Source material ▸
▬▬▬▬▬▬▬▬▬▬

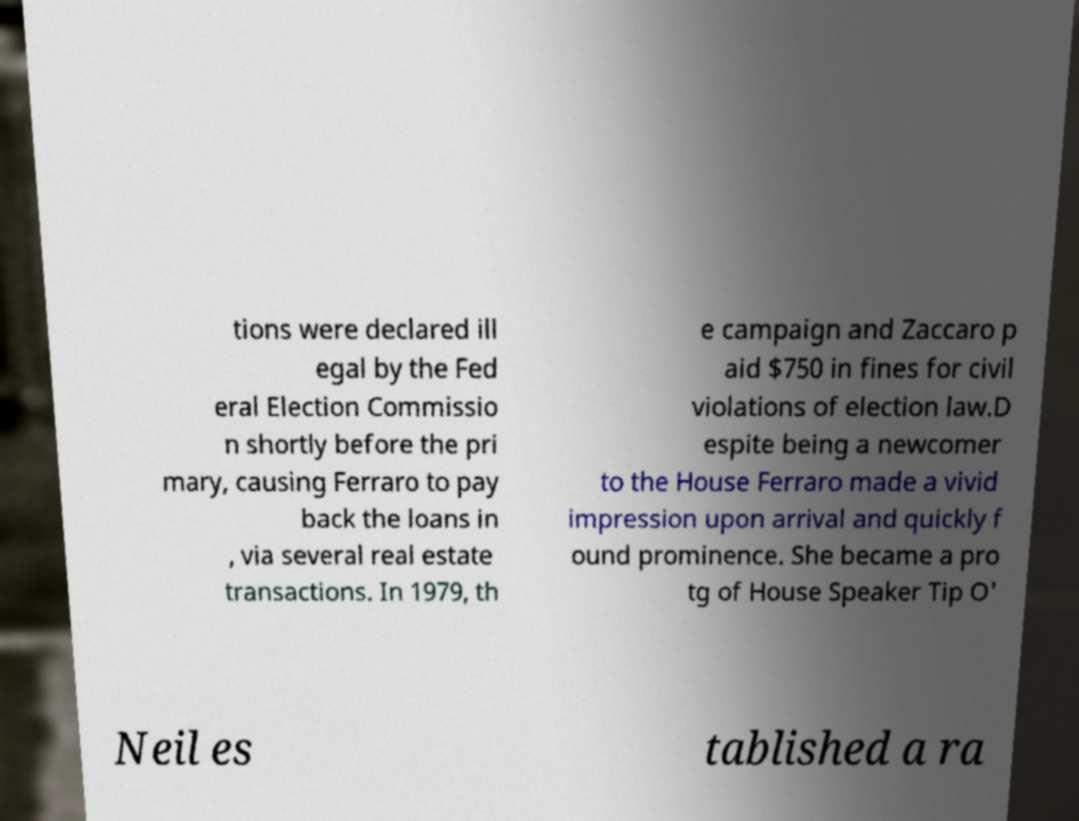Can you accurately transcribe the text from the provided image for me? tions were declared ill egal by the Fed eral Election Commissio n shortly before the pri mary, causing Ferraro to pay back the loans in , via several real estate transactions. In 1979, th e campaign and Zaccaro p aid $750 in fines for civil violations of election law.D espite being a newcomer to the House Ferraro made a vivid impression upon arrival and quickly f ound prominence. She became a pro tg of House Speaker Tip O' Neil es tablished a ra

▬▬▬▬▬▬▬▬▬▬

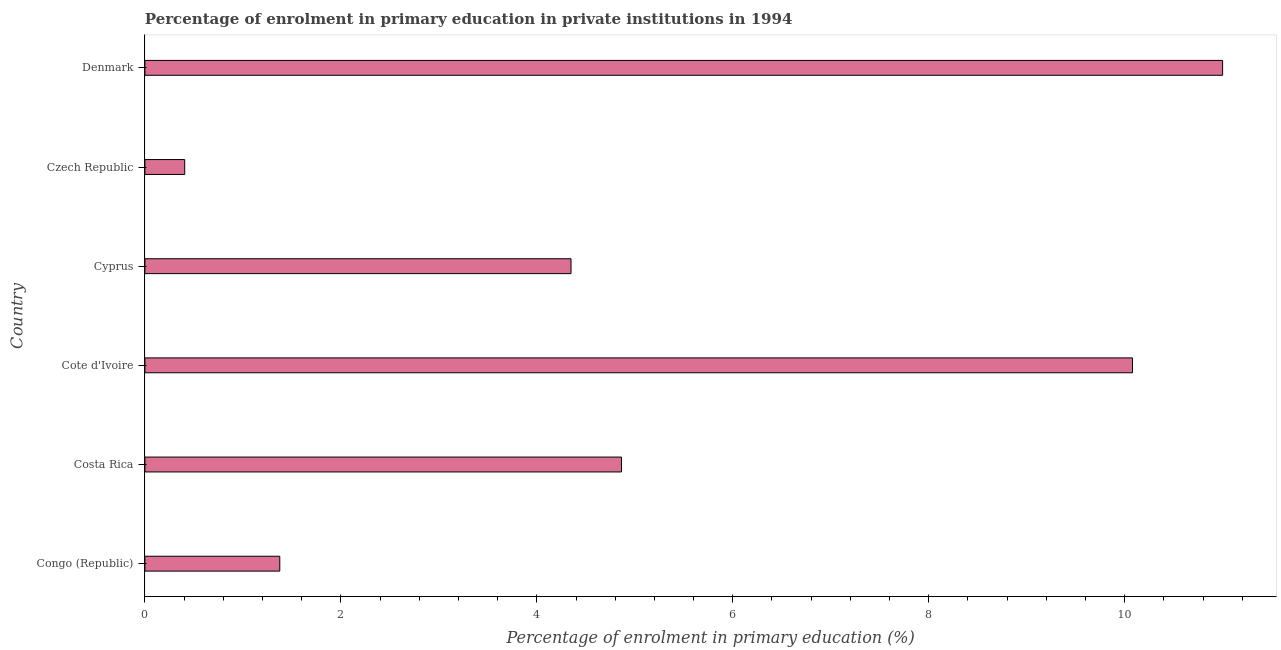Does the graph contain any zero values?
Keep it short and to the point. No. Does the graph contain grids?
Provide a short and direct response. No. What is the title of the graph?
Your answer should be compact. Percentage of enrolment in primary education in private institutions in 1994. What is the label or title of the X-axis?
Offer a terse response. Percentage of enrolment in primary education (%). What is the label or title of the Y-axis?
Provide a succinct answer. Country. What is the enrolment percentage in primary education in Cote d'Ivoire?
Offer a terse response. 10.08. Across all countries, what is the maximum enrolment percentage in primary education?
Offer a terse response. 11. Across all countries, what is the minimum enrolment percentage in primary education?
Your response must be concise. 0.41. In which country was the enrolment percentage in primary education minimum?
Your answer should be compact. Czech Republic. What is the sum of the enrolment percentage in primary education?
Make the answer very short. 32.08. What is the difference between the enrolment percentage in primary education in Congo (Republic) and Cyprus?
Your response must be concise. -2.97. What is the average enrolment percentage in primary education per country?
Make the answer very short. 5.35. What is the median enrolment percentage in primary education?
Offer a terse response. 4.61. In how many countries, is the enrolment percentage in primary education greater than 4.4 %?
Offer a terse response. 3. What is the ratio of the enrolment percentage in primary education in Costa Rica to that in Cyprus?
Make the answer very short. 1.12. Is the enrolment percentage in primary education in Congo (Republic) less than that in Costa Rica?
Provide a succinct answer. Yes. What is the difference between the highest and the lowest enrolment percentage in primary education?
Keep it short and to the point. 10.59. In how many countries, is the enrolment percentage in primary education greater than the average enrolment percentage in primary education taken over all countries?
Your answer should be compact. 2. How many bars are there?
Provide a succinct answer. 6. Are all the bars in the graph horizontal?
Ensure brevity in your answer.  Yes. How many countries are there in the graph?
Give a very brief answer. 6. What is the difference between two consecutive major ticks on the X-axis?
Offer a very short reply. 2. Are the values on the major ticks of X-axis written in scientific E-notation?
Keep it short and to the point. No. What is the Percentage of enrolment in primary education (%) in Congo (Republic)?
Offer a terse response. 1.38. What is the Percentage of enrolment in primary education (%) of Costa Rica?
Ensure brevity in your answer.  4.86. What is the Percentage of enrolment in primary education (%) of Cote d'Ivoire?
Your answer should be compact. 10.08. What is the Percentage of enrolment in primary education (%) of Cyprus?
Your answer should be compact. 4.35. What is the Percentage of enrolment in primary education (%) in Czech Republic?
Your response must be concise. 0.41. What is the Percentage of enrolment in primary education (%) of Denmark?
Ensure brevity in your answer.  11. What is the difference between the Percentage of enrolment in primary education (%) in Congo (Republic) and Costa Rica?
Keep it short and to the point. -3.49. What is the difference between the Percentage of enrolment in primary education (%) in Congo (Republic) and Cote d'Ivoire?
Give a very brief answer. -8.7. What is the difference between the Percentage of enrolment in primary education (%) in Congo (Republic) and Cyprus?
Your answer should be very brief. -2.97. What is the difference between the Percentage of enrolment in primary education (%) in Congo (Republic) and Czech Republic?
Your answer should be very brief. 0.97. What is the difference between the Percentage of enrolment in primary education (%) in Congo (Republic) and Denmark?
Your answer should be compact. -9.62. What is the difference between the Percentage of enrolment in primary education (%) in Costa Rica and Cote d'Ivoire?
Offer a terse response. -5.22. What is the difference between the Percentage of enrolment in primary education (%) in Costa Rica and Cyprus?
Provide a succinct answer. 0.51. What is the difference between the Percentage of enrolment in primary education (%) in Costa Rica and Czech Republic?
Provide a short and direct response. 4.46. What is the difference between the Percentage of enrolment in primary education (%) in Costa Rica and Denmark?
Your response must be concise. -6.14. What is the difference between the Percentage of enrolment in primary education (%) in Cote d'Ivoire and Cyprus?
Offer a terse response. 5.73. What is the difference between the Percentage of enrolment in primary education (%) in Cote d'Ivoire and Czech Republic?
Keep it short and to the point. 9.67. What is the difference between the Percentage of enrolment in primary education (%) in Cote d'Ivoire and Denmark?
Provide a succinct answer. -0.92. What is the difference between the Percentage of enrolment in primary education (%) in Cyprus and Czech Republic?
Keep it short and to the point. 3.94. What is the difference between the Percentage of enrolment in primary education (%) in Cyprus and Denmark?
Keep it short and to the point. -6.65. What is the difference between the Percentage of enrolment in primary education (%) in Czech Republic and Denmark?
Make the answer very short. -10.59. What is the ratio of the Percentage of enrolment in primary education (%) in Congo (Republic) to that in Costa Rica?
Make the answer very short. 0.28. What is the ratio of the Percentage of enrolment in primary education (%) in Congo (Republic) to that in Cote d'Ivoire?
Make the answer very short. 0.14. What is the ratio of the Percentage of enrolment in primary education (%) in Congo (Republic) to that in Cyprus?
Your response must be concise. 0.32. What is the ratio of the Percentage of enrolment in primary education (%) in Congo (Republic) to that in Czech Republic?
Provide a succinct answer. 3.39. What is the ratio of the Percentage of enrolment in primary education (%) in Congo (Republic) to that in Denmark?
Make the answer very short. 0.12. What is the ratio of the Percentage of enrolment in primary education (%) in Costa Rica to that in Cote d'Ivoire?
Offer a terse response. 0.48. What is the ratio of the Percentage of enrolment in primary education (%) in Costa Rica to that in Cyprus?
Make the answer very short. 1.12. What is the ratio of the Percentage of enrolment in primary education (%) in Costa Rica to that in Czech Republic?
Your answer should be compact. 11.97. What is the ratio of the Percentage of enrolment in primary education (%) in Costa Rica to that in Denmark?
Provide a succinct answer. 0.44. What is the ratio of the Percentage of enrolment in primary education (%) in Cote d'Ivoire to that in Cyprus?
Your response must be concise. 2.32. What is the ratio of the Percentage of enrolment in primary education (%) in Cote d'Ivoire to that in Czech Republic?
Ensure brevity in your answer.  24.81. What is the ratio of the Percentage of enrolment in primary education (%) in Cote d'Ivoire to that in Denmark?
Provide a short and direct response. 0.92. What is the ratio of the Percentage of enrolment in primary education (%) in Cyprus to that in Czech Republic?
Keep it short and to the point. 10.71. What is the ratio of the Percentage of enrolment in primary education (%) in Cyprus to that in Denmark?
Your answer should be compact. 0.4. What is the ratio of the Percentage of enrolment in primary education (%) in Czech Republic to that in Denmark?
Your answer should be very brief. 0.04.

▬▬▬▬▬▬▬▬▬▬

Exercise directions ▸
Reproduce exactly the section above that begins at the line containing "Make the answer very short. 1.12. What" and ends at the line containing "d'Ivoire to that in Denmark?", leaving out all other lines.

Response to the task ▸
Make the answer very short. 1.12. What is the ratio of the Percentage of enrolment in primary education (%) in Costa Rica to that in Czech Republic?
Your answer should be compact. 11.97. What is the ratio of the Percentage of enrolment in primary education (%) in Costa Rica to that in Denmark?
Provide a succinct answer. 0.44. What is the ratio of the Percentage of enrolment in primary education (%) in Cote d'Ivoire to that in Cyprus?
Your response must be concise. 2.32. What is the ratio of the Percentage of enrolment in primary education (%) in Cote d'Ivoire to that in Czech Republic?
Ensure brevity in your answer.  24.81. What is the ratio of the Percentage of enrolment in primary education (%) in Cote d'Ivoire to that in Denmark?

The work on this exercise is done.